The skyline at Nova Chemicals Corp.’s Joffre complex took on a new look Friday, as a pair of cranes hoisted a 38-metre-high reactor into place.
The approximately 280-tonne piece of equipment is at the centre of a billion-dollar expansion of Nova’s polyethylene plant. It joins two existing reactors and is expected to boost total production capacity by 40 per cent — to approximately 2.5 billion pounds of linear low density polyethylene annually.
Rick Van Hemmen, Nova’s Joffre site leader, said it took more than an hour to lift the reactor, with a 440-tonne crawler crane and a 250-tonne tailing crane providing the mechanical muscle.

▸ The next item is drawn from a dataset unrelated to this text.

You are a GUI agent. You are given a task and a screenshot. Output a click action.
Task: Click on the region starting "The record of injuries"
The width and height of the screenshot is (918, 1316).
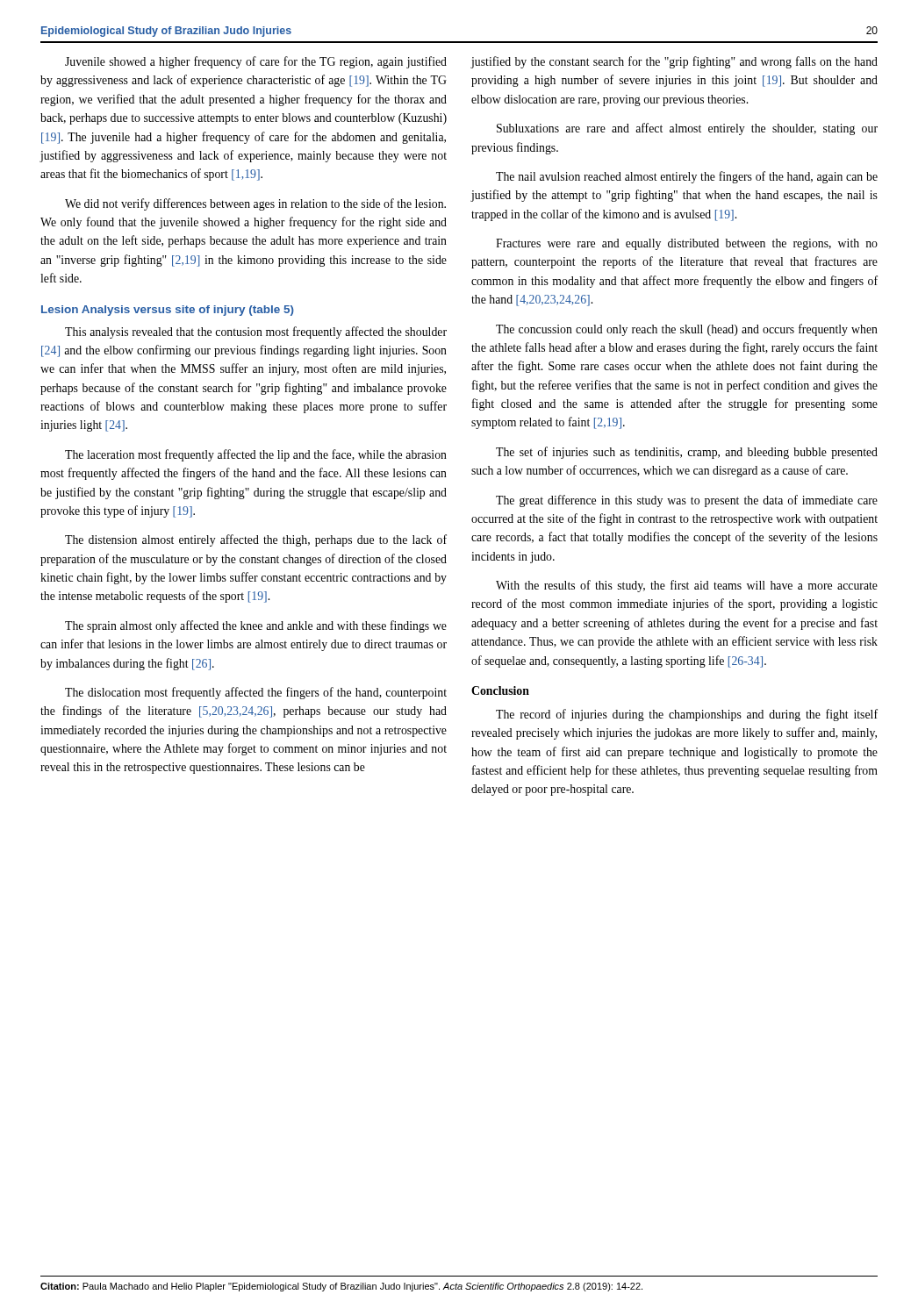(674, 752)

“The two cranes have to work perfectly in unison,” he said. “There’s a very detailed lift plan that goes into place.”
On June 23, a lighter but taller flare stack went up. And work on a pipe rack, cooling tower and other equipment and buildings are progressing quickly.
“We’ve certainly been noticing a change to the skyline in the last couple of months,” said Van Hemmen. “We’re at a period now where a lot of the large prefabricated pieces of equipment and structures have been showing up.”
Not far away, a new electricity substation is being constructed, and expansion of Nova’s rail yard is underway.
The latter project includes the planting of some 30,000 native trees, shrubs and other plants.
“It’s pretty interesting how well we are integrating the industrial components of this project with the agricultural and more natural environment around us,” said Van Hemmen.
About 200 workers are currently involved in the expansion, and this number will ramp up as work intensifies.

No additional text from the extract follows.